### Assignment
Look through the material and copy each line holding "import".

### Provided records
*** Begin section ***

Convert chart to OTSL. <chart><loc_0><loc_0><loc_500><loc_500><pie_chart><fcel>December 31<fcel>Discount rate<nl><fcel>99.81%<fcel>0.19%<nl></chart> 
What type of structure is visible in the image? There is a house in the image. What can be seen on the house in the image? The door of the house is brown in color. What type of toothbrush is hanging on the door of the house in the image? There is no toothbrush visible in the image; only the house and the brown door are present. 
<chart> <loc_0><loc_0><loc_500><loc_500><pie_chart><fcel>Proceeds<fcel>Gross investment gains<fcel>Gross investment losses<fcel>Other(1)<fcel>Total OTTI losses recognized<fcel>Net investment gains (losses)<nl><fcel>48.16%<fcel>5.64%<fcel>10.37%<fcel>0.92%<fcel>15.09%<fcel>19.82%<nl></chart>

*** End section ***
*** Begin section ***

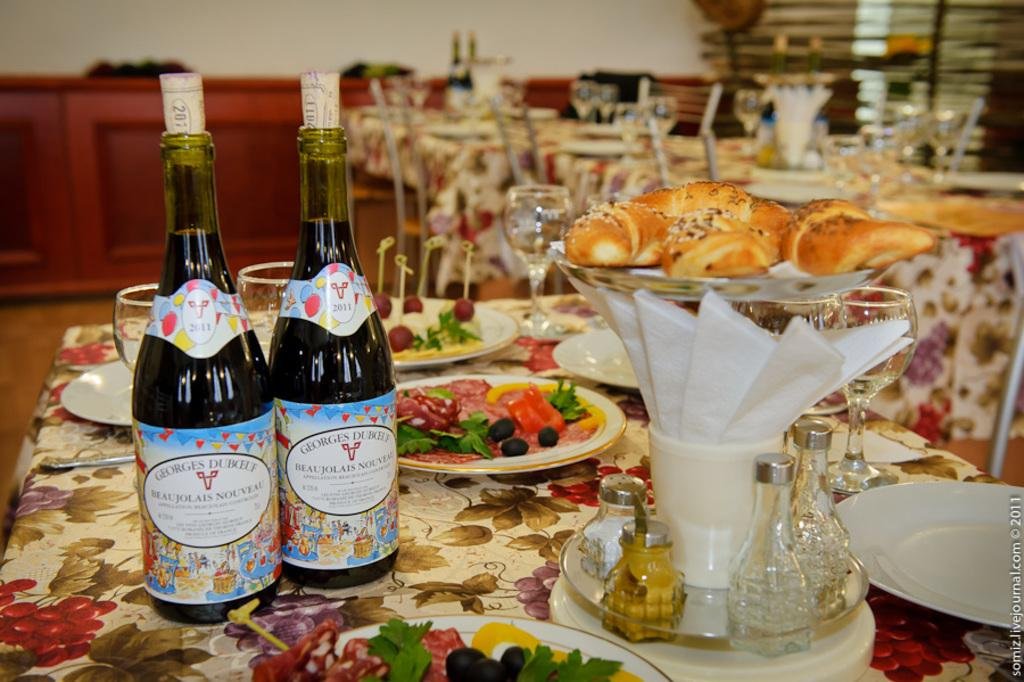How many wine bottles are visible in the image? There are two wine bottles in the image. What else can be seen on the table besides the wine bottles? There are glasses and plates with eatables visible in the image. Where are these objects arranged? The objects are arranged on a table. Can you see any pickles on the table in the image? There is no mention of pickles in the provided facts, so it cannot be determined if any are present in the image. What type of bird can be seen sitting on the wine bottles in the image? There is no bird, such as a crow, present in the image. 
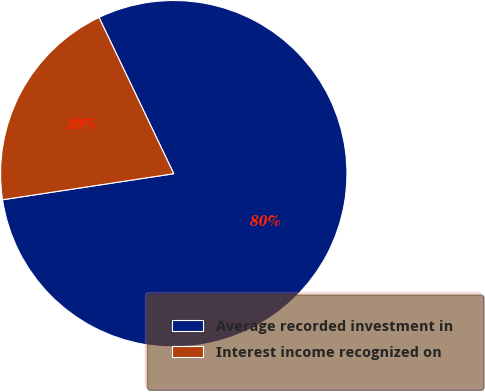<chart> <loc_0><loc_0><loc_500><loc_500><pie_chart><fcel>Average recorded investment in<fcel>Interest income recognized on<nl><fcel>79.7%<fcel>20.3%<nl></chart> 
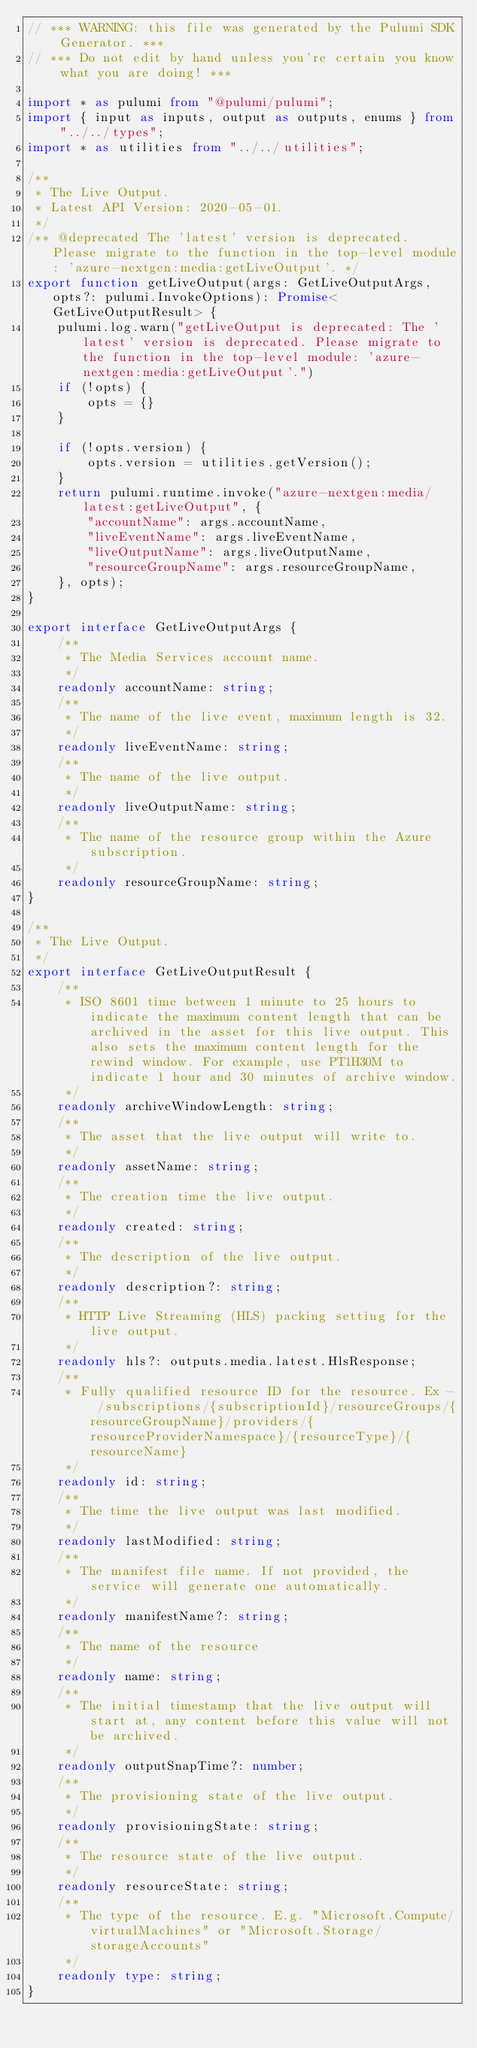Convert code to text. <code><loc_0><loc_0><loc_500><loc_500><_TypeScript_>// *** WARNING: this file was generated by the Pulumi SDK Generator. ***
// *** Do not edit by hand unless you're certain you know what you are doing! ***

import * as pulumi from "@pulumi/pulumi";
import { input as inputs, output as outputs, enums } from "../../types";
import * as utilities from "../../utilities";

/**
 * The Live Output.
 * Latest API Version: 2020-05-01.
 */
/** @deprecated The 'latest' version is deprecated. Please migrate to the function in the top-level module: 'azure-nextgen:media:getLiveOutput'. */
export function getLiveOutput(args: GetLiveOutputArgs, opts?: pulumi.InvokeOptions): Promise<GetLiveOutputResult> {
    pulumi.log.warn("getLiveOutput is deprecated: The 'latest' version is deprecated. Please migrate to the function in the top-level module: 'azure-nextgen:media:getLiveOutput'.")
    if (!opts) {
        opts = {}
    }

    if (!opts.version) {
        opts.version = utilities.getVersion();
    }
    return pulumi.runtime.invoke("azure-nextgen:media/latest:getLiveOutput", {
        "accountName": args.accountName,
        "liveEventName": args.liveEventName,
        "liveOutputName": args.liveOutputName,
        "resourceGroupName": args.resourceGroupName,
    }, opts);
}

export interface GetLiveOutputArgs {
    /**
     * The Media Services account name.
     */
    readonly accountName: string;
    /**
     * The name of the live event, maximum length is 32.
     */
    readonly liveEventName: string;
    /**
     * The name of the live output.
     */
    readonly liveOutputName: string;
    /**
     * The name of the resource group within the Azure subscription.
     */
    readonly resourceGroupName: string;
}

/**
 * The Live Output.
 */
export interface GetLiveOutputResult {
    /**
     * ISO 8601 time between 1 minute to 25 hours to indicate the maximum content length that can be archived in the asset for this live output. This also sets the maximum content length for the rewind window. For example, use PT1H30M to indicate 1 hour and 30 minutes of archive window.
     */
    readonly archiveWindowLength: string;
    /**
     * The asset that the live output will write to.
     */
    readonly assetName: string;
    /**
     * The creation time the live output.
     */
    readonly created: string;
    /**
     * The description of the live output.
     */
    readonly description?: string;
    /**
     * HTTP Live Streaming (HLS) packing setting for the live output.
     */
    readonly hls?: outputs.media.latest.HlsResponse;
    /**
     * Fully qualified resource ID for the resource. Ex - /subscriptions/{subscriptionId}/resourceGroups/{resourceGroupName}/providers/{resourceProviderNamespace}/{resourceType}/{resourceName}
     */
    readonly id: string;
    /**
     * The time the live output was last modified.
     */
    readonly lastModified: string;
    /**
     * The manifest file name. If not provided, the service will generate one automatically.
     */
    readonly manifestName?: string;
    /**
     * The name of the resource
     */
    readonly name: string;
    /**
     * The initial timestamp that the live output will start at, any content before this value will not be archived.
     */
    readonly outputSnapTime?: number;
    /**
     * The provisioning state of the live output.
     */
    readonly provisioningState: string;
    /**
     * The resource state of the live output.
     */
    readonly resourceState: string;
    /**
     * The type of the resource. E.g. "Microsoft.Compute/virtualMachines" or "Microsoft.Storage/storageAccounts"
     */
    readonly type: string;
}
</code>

*** End section ***

### Answer to the problem
import * as pulumi from "@pulumi/pulumi";
import { input as inputs, output as outputs, enums } from "../../types";
import * as utilities from "../../utilities";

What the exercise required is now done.